17.8.13

Kulibangbang

N. turned one this month. I will always be 40 years older than she. Makes it easy to remember how old I am, and hopefully the math will come easy to her since all she'll have to do is add 40 to however old she is. This year, one plus 40. Despite my own desire to keep the festivities small and underwhelming, we threw her a big ol' one-year-young soiree with a whimsical garden theme. While planning the celebration went against every grain in my body and I stressed about every detail, in the end, Grandma was happy. And that's what matters most. 

Sometimes. 

Even though N. missed her afternoon nap and was exhausted from entertaining her 65 guests so much so that she vomitted when we arrived home and struggled to put her down that night. Even though the family pressure to have a grand party was so great that once it was finally over, my body physically collapsed, and I had to nurse a flare up of sinusitis for over a week.  

Worth it? Not so sure, but thankful it's done. 


Until N. and I went for a morning swing today. Afterwards, we strolled around the lake. I stopped and noticed the most unusual and beautiful butterfly I'd ever seen -- a black beauty, apparently a pipevine swallowtail. N. and I crept upon it as it softly sat on a bush flitting from flower to flower. 

"Kulibangbang. Mariposa. Butterfly," I said to N. A real one. Not just what she sees among her books and teethers.

An older couple stopped to see what awed us. We shared the moment - in the company of Spirit. Deep within, I thought, it just might be a visit from Lolo (my dad). Five years since he died. 


And we now have a toddler. A year goes by so fast. 

This morning's reminder? Pause meaningfully, and make every moment count. Sublimity. 

3.8.13

Girlfriends

I haven't set foot in the city in a very long time (and actually don't miss it), and I'm thankful that my girlfriends who live there haven't outcasted me. Instead, they are agreeable to meeting halfway or even driving down to my locale.  
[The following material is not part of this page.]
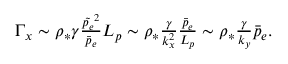<formula> <loc_0><loc_0><loc_500><loc_500>\begin{array} { r } { \Gamma _ { x } \sim \rho _ { * } \gamma \frac { \tilde { p _ { e } } ^ { 2 } } { \bar { p } _ { e } } L _ { p } \sim \rho _ { * } \frac { \gamma } { k _ { x } ^ { 2 } } \frac { \bar { p } _ { e } } { L _ { p } } \sim \rho _ { * } \frac { \gamma } { k _ { y } } \bar { p } _ { e } . } \end{array}</formula> 
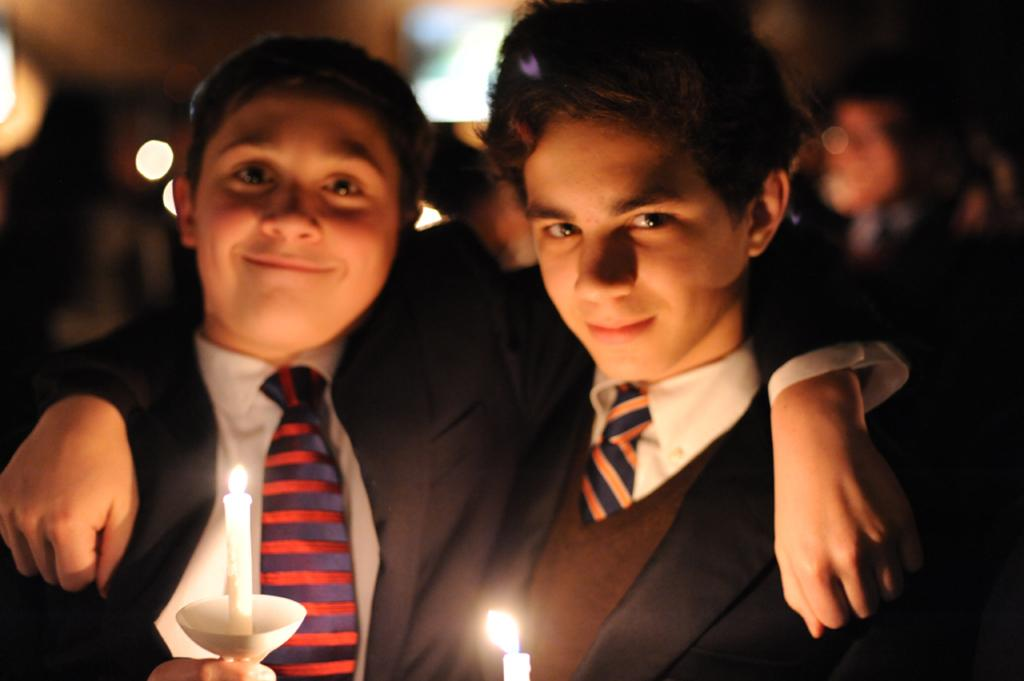How many people are in the image? There are persons in the image, but the exact number is not specified. What are the persons wearing? The persons are wearing clothes. What objects can be seen at the bottom of the image? There are candles at the bottom of the image. What type of education can be seen in the image? There is no indication of education in the image; it only features persons and candles. How many family members are present in the image? The facts do not mention any family members, so it is not possible to determine the number of family members in the image.

And our time together is still the same. While I'm still trying to get the hang of adult conversation while making sure N. isn't wreaking havoc in some corner of our home, my full glass of sangria waits patiently on the kitchen table.  The bottle's been calling me for a couple of weeks now, but I've been saving it for a special occasion -- getting together with my girlfriends. The ones who saw me through unrequited and confused twenty-something love, the ones who sat at the bar with me while I cried because of love jilted, the ones who have been my loves through my coming of age as I worked my ass off in the city for over a decade, and we griped over life & career challenges with the support of cocktails, dinners (French, Thai, Japanese, American diner, Indian, Malaysian etc.) & shared desserts. 

These are my girls. J. and L. I met them during my community arts/activism period, and we've been longtime friends since then. Our time together has included weeknight dinners catching up, mimosa brunches, and trips to Jillery, as well as our traditional birthday get togethers and treats. Whether it's a meal, a pair of new earrings, or new purse, I know J. and L. are my loves. Among the three of us, we've seen each other through -- my bruised tailbone having fallen six feet off while stepping on a loftbed bladder to relieve myself in a not-so-drunken state, more than a handful of boyfriends, two husbands and one serious woman partner, a new baby boy, a new baby girl, moves from Brooklyn and Queens to Manhattan, and just keeping sane through it all. 

To hear "how are you" from either of them is a most welcome beginning of a heartfelt conversation. And I am grateful for these women, J. and L., who are blessings in my life. To girlfriends!